With an hour drive out to visit our folks, Andy and I tend to amuse ourselves with random conversation. This is a list of reasons we came up with why one shouldn’t surf
[I apologize in advance if anyone is offended, we were certainly in a silly mood!]:
#1. You have to pee in your wetsuit to keep warm.
#2. Other people peeing in their wetsuits to keep warm.
#3. Sharks.
#4. This is L.A. We have raw sewage in the ocean.
#5. With the solar system expanding out from the center of the galaxy, the earth moving around the sun, the planet revolving around its axis, the the water moving over the land, and the surfboard moving over the water, I think my odds of balancing on that surfboard are pretty slim.

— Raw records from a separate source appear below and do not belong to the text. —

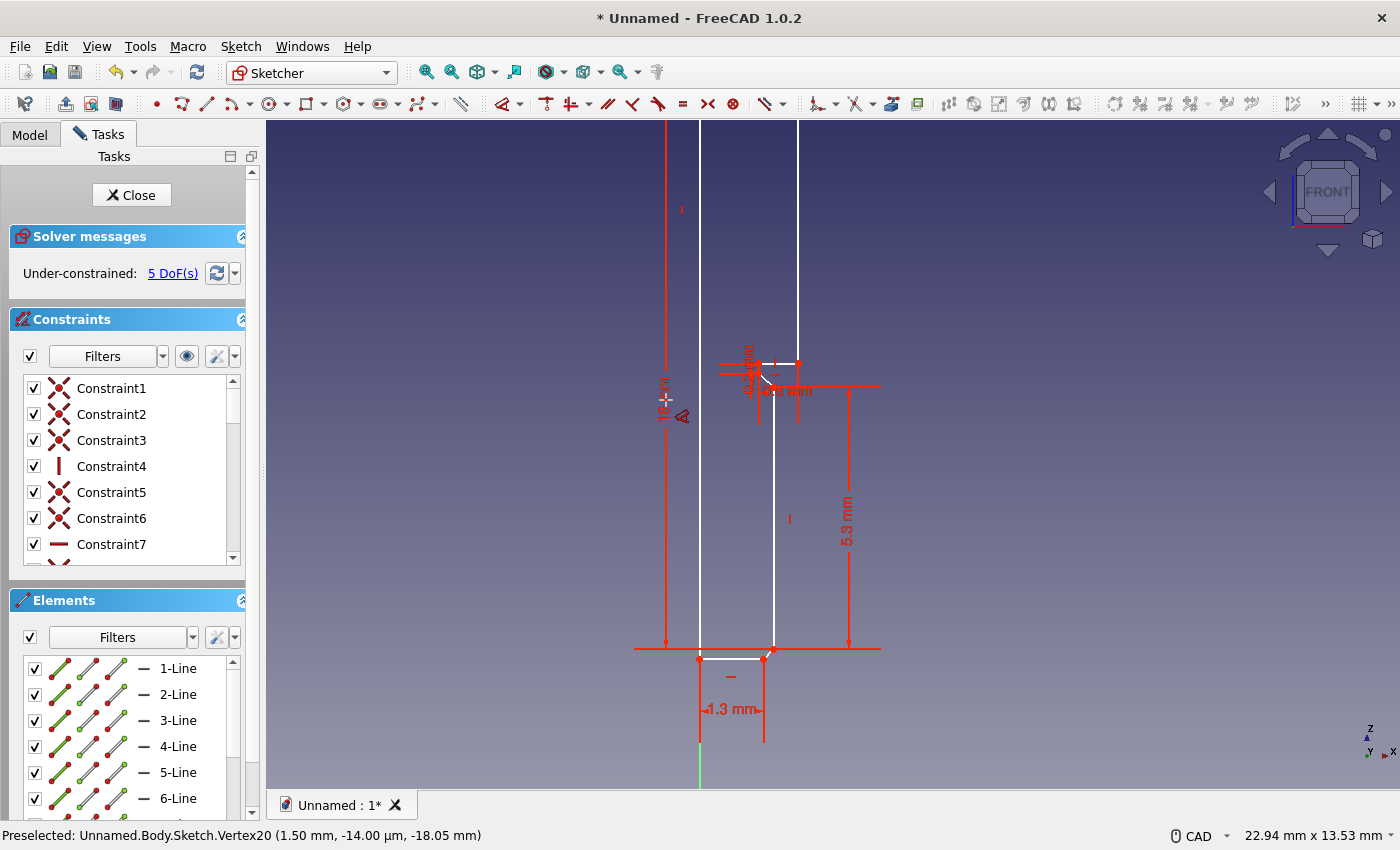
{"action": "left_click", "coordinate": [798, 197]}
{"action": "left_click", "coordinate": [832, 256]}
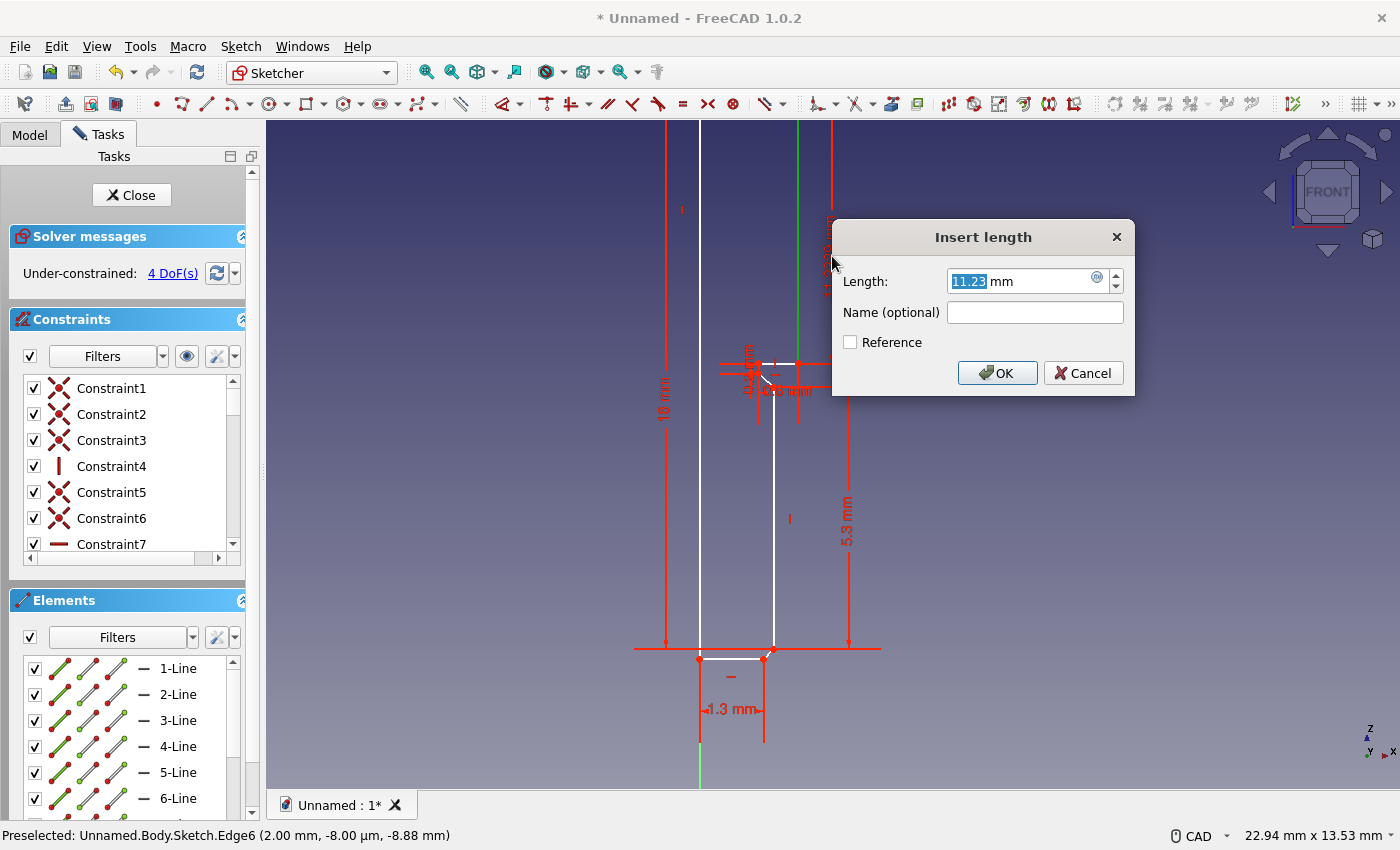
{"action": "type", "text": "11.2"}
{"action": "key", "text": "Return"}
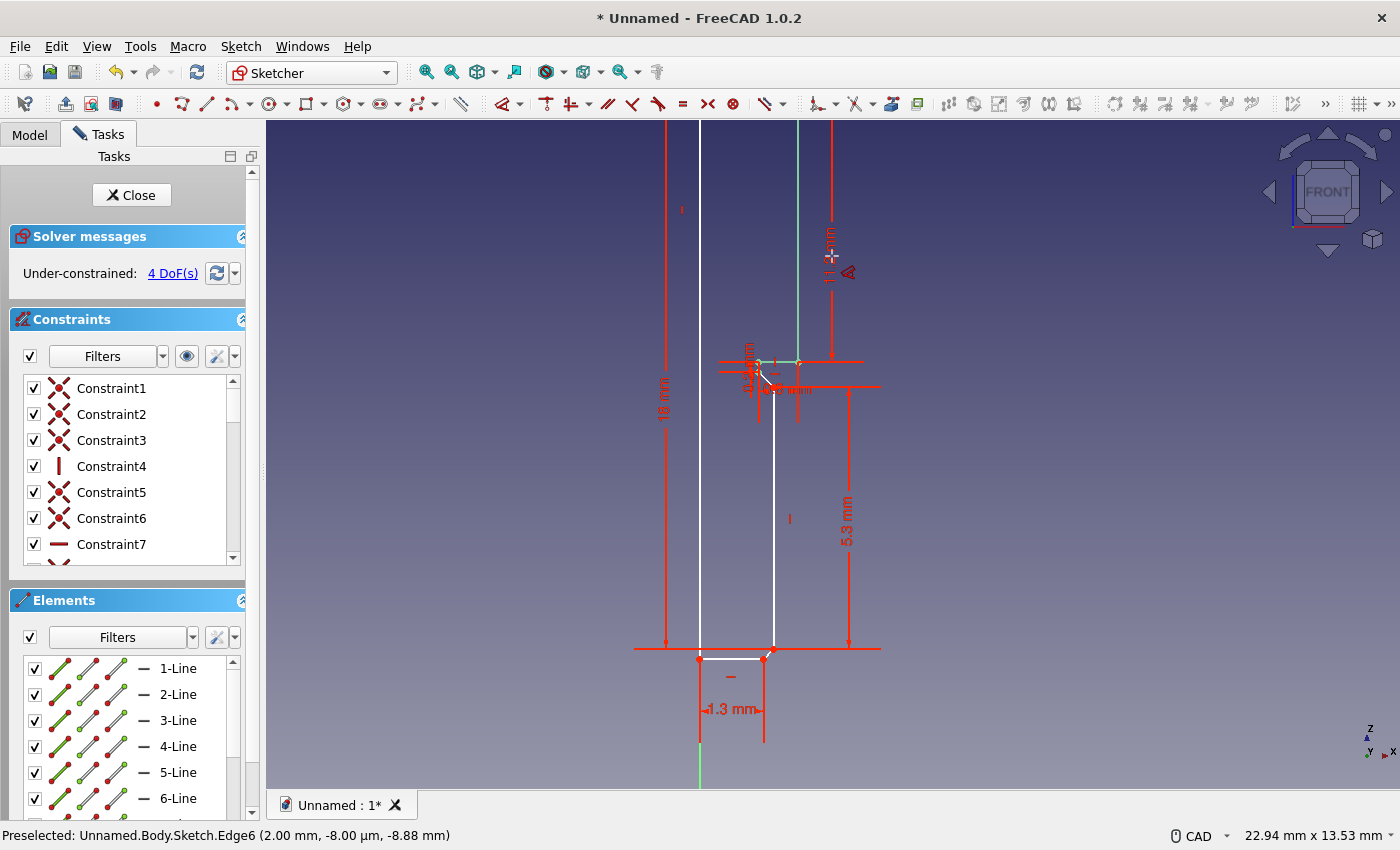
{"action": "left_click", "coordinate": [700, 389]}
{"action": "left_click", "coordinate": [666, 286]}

**This was followed by some long winded introduction to the complexity of figuring out the dynamics of the universe… I was lost after he talked about the Z axis. That’s an engineer for ya.
#6. You have to wake up at 5 in the morning and jump into a cold ocean.
#7. Shrinkage (See Seinfeld episode… and Andy approved me typing this in).
#8. Hurrying up only to wait for waves. Always a bummer to have to wait.
#9. Pruned extremities.
#10. In order to afford to live near the ocean, one has to work most of the 24 hours of the day. No thanks.